Oireachtas Joint and Select Committees
Tuesday, 11 June 2024
Joint Oireachtas Committee on Education and Skills
Climate Action and Sustainable Development Education: Discussion (Resumed)
Marc Ó Cathasaigh (Waterford, Green Party)
Link to this: Individually | In context | Oireachtas source
I thank Ms O'Connor for her opening statement. I have not properly examined the sustainability toolkit for schools. In a busy political life, I need to find a couple of hours to sit down and give it my undivided attention. It is a positive initiative. I acknowledge that the representatives from the Irish Second-Level Students' Union who appeared before the committee were quite positive about the engagement the ISSU had with the Department on the development of climate action and sustainable development as a leaving certificate subject.
I will first outline a broad concern I have, one that goes back to my time in the classroom when I was teaching things related to the green flag programme. It is about the agency of the children who are being taught. You can talk to them about the sustainability of the food they should eat, but they are not packing their own lunchboxes. You can talk to them about sustainability in transport, but they do not make the decisions on how they get to school in the morning. I am talking about primary school here, whereas more agency could be attached to students in secondary school.
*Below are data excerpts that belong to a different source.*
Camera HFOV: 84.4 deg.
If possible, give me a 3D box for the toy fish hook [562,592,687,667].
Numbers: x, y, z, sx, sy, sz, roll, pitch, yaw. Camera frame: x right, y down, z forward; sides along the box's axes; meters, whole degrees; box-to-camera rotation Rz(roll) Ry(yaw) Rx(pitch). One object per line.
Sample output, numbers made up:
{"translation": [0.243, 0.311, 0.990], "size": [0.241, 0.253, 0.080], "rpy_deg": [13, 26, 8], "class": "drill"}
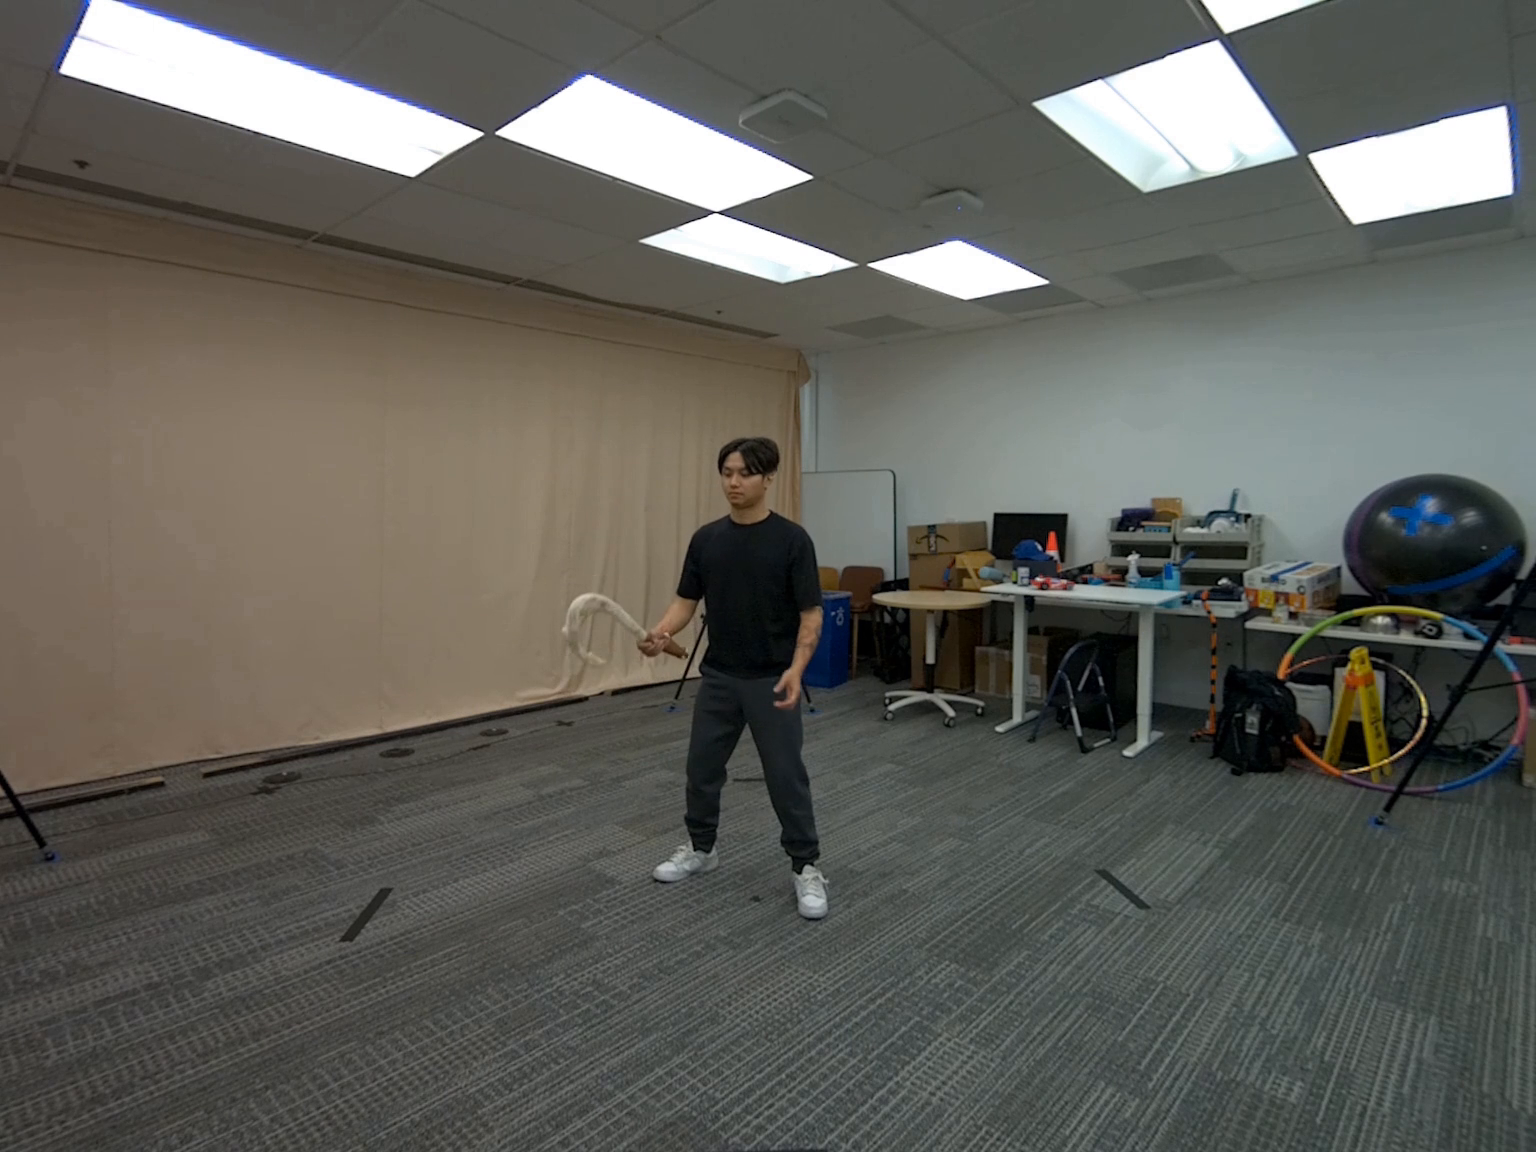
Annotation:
{"translation": [-0.454, 0.217, 2.808], "size": [0.489, 0.225, 0.050], "rpy_deg": [30, -16, -37], "class": "toy fish hook"}

Emissions from electricity generation could be discussed in the classroom but the students are not the ones making decisions about installing solar panels or X, Y and Z.
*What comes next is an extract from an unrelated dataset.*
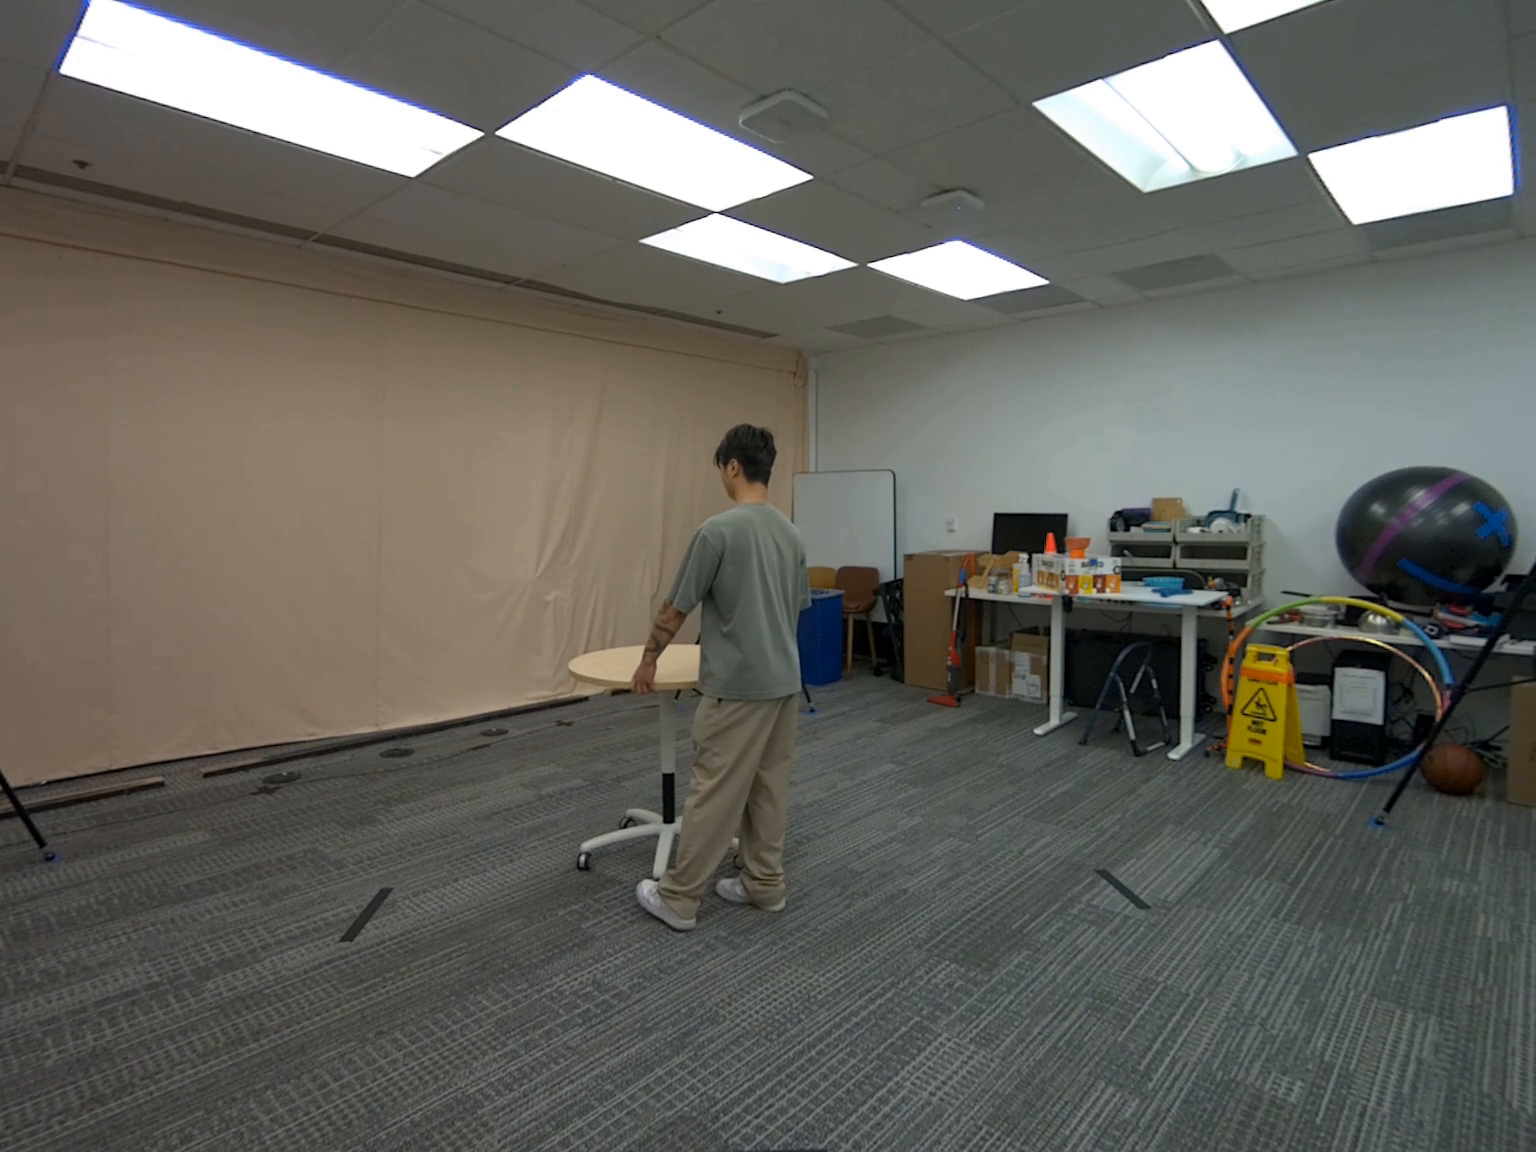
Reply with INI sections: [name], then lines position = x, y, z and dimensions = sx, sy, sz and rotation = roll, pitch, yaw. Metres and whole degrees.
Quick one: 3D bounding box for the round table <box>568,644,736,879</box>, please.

How are we going to marry the fact that children will be engaging with this subject in a cross-curricular way but will have very little agency? Much like people in the developing world, children aged under eight are not part of the emissions problem. They are not the ones who have created the issue. That is probably me. A nagging concern I had when I was delivering these programmes was that I was placing a lot of responsibility and guilt on children who did not have the agency to do anything about it and were not the cause of the problem. That is a very broad concern. While we definitely have to this, how do we do it right without misplacing the emphasis?
Ms O'Dea will have a pivotal role if continuing professional development falls on her. While we can get into the teacher training colleges, acknowledging that people can spend 40 years in a classroom, we cannot wait for 40 years to reach the point that this has washed through all teachers. How we engage in the CPD on this and provide the likes of the sustainability toolkit is important but helping people integrate that into their everyday classroom teaching will be a challenge. The Department might speak to how it plans to do that.
I just attended a round-table briefing in the Royal College of Physicians down the street from here. It looked at the dual nexus of climate and education. It was not just about climate education here in Ireland but about how education and climate impact on the developing world in particular. The political declaration made at the Conference of the Parties, COP, last year was mentioned. The Department may not be in a position to respond to my next question today. Why did we not sign up to that political declaration last year and is it planned to address that issue?
The third broad concern I will raise is the idea of having a specific leaving certificate subject that is optional. I do not wish to be pejorative - my wife is a professional performing musician - but it is often the "musos", as they are known, who choose to do music as a leaving certificate subject. They study music and no one need worry about them. I was in the engineering class and we were the people who worked with the lathes.
"It was a case of "Off you go lads, you do the lathes; we are doing music, art, tech graphics or whatever". How do we stop that becoming another siloed area where the musos go over there, the engineers go off to work the lathes and these poor kids, who are probably racked with climate anxiety, go into this classroom over there to sit a leaving certificate subject? How will that communicate and interact?
I am sorry. These are not specific questions but rather, I am just outlining general concerns. To recap, how do we marry the idea of agency and guilt and not overburden our children with it? How will the CPD be done? That is a big challenge. Third, how do we stop the leaving certificate subject becoming a siloed effect, where it is a thing that "those kids there" do?